Patriot
May 20, 2011
This month's Patriot of the Month–shown above at left, with his brothers–is none other than our own Ted Stein, as proclaimed by the Bill of Rights Defense Committee.
Ted was honored for his work with the Center for Torture Accountability, an organization he founded two years ago as "a way to shame torturers and hold them accountable at a cultural level even if our government isn't holding them legally accountable."
The critical importance of a culture of accountability became evident to Ted when he learned of efforts by torture survivors in Argentina to bring stories of torture to the attention of the public, so that even when the government failed to prosecute, everyone would know that there were torturers living among them. Stories about the torturers showed up on walls all over town, and posters made the torturers' faces well known to the public at large.
It occurred to Ted that the internet could be used for similar purposes in the United States. We have torturers in midst, men and women who as part of our government, tortured thousands, likely tens of thousands, of people in the name of the fight against terrorism. We have tortured prisoners to death in some cases. Many victims of our torture have had no personal association with terrorism; they were in the wrong place at the wrong time, or were turned in by bounty-hunters.
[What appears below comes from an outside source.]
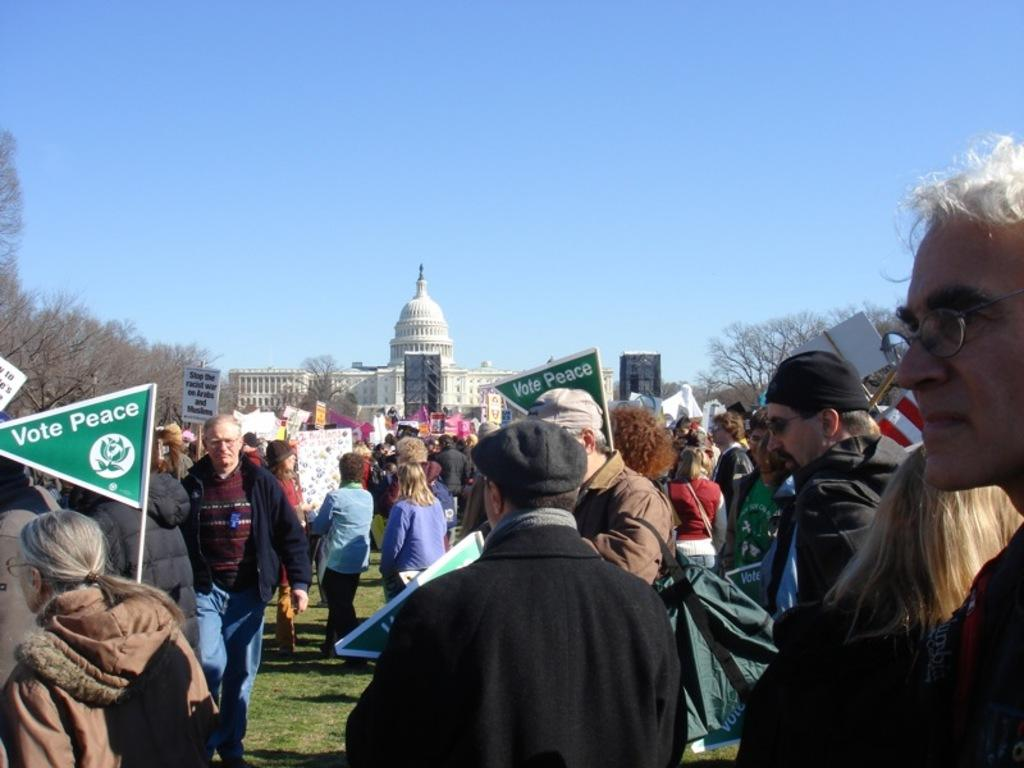What are the people in the image doing? The people in the image are standing and holding posters. What can be seen in the background of the image? There is a building and trees in the image. What is visible at the top of the image? The sky is visible at the top of the image. How many chairs are visible in the image? There are no chairs visible in the image. What type of spark can be seen coming from the building in the image? There is no spark present in the image; the building is not depicted as having any spark. 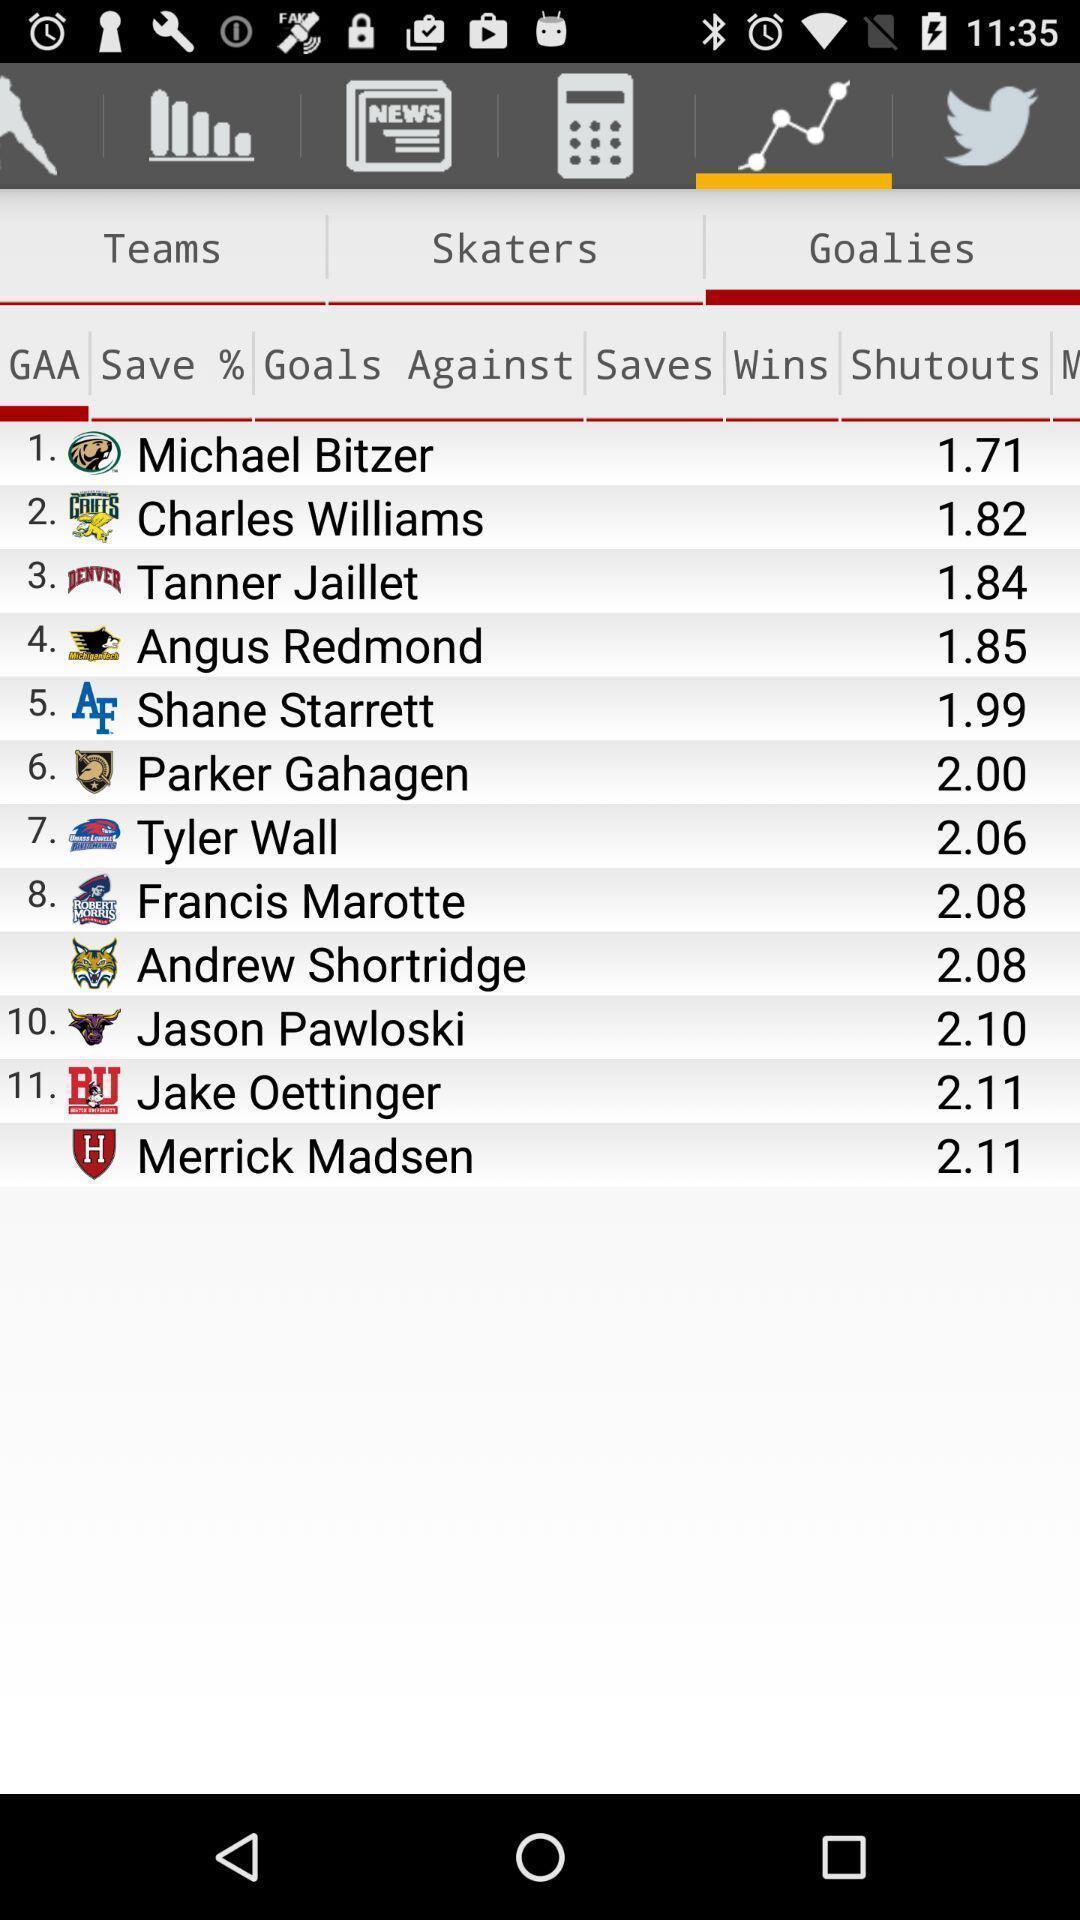Summarize the main components in this picture. Screen showing the list of players.

Some of them were children. Some of the acts of torture inflicted upon them are the same as actions for which we executed Nazis after World War II.
The Center for Torture Accountability attempts to make the American public understand the horror of what the government has done in our name, by ensuring that the stories of government-sponsored torture show up front and center in internet searches. The goal is to make sure that the names of torturers, and of the people who organized the American torture regime, will be forever associated in the public sphere with the deeds they did.
Torture and torturers thrive, observes Ted, in cultures of impunity; torture stops when the culture becomes one of accountability. We may wait a long time for the government to hold its torturers to legal accountability, but in the meantime all of us can begin the hard work of changing our overall culture, so that torturers are no longer accepted as good citizens or welcomed in decent society.